# Waites Island Oct 5/6



## LiteTackleChamp (Jul 29, 2005)

Took the fishing club from Coastal Carolina University to waites island for a surf fishing camping trip. Got a little wet on friday nite but not for to long, and amazinly it was flat on the beach, only saw 2 nice whiting and 1 large southern come on the beach, we fished all nite to not much biting. well i went to bed around 2am and was wakened to someone asking me to break out the net cause there was tons of mullet on the beach, caught some bait and the blues were hot all morning, there were tons of nice blues being caught and i think we ended with atleast 30 in the cooler. left them biting around 12 this afternoon to come home and get the sand out of some werid places
great day


----------



## bluefish1928 (Jun 9, 2007)

where is waties island?


----------



## Big Worm (Mar 29, 2005)

right next to bird island


----------



## bluefish1928 (Jun 9, 2007)

you mean south of birds island? how could you get on the island with little river inlet jetties.


----------



## Big Worm (Mar 29, 2005)

yeah south of bird, just on the other side of the inlet. You need a boat really, but come to think of it if you walked from the condos is cherry grove you could get there. What a walk that would be.

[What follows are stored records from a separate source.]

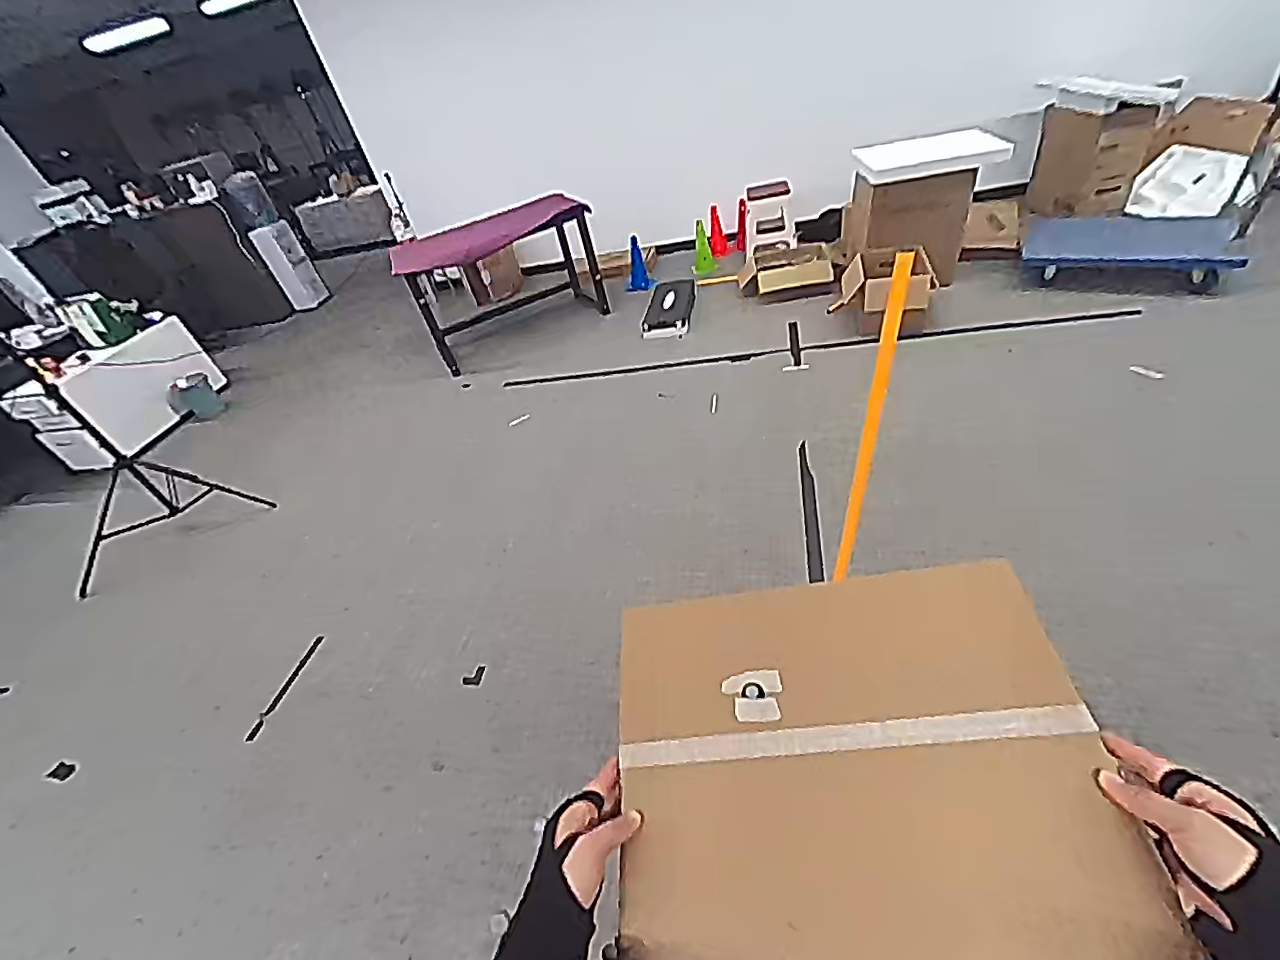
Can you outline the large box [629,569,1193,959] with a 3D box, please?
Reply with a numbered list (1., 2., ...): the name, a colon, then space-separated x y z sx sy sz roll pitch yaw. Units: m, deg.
1. large box: 0.224 0.338 0.606 0.408 0.320 0.320 -11 47 12
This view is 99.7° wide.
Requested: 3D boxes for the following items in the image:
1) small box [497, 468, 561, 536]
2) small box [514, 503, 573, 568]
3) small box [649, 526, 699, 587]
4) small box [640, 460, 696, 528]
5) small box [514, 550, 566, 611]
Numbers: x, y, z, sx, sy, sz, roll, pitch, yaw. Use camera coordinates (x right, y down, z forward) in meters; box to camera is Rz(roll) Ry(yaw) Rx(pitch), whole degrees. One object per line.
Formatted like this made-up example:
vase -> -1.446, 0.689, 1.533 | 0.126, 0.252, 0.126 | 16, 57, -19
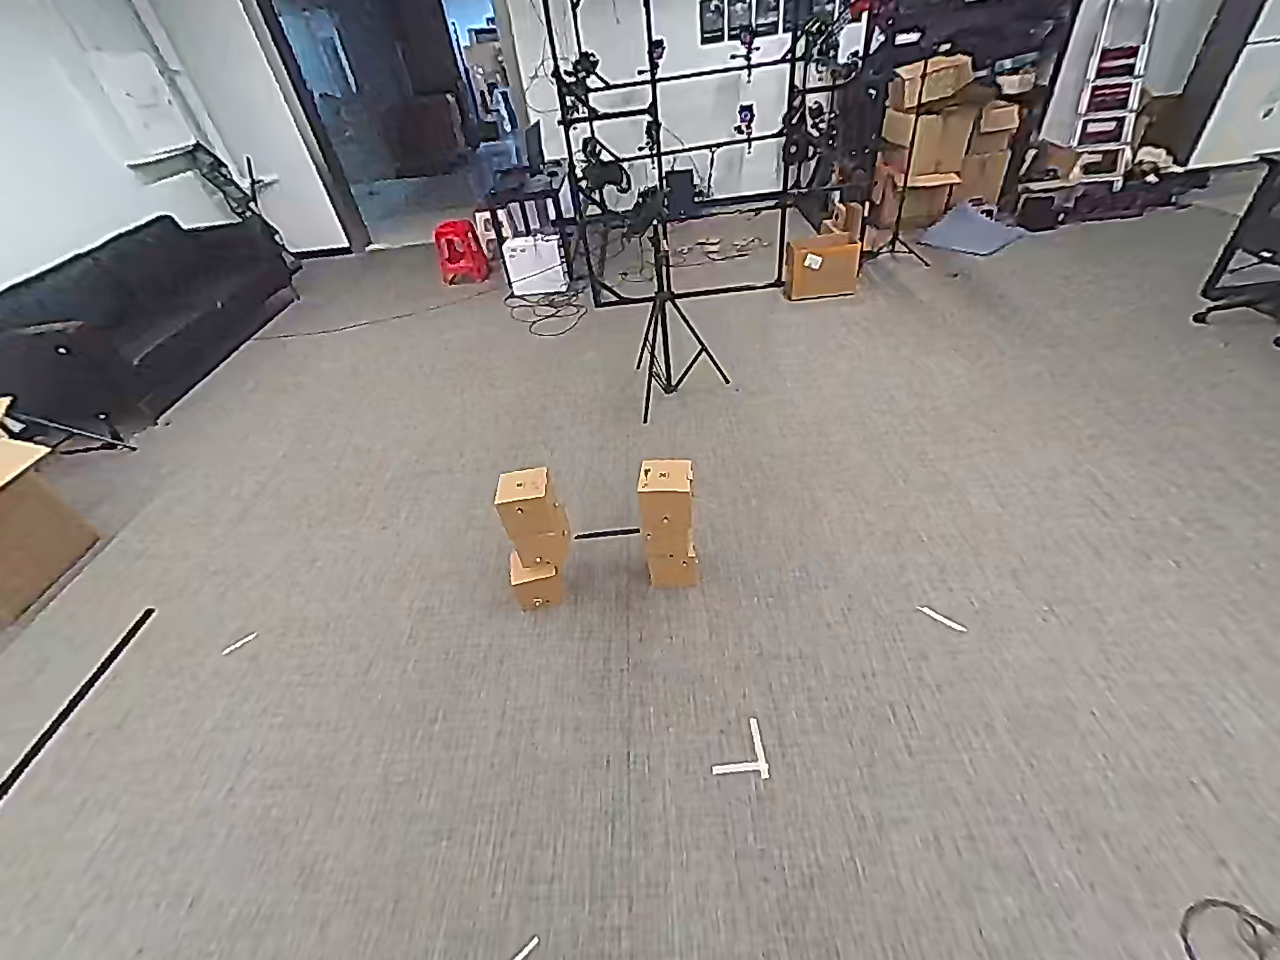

I have seen people driving on that beach, but I am not sure who those people are. Deep in the corner of that south jetty is the perfect spot along the beach for HUGE mullet. This time of year.


----------



## LiteTackleChamp (Jul 29, 2005)

Coastal Carolina owns the lower end of the island and we have road access to the island on the south end with a small bridge, its gated though


----------



## Big Worm (Mar 29, 2005)

I know this bridge of which you speak  redfish and flounder like it around these parts.......


----------



## LiteTackleChamp (Jul 29, 2005)

Here are the pics of the blues in the sink

before









after









nothing will go to waste as i will use the after part for sharks on wensday


----------



## Fireline20 (Oct 2, 2007)

bmcox86 said:


> Took the fishing club from Coastal Carolina University to waites island for a surf fishing camping trip. Got a little wet on friday nite but not for to long, and amazinly it was flat on the beach, only saw 2 nice whiting and 1 large southern come on the beach, we fished all nite to not much biting. well i went to bed around 2am and was wakened to someone asking me to break out the net cause there was tons of mullet on the beach, caught some bait and the blues were hot all morning, there were tons of nice blues being caught and i think we ended with atleast 30 in the cooler. left them biting around 12 this afternoon to come home and get the sand out of some werid places
> great day


My son is senior at Coastal and has a 4x4....does he have access to the road\gate or is it just the fishing club...if so how does join


----------



## LiteTackleChamp (Jul 29, 2005)

only the club as we have to get permission from the school to get the key, tell him to come out and join the meetings are at 530 on tuesdays in the smith science building room 114


----------



## bluefish1928 (Jun 9, 2007)

you are all making me jealous since i know king mackerel, big blues, and spanish can be caught from the jetties at the right time.


----------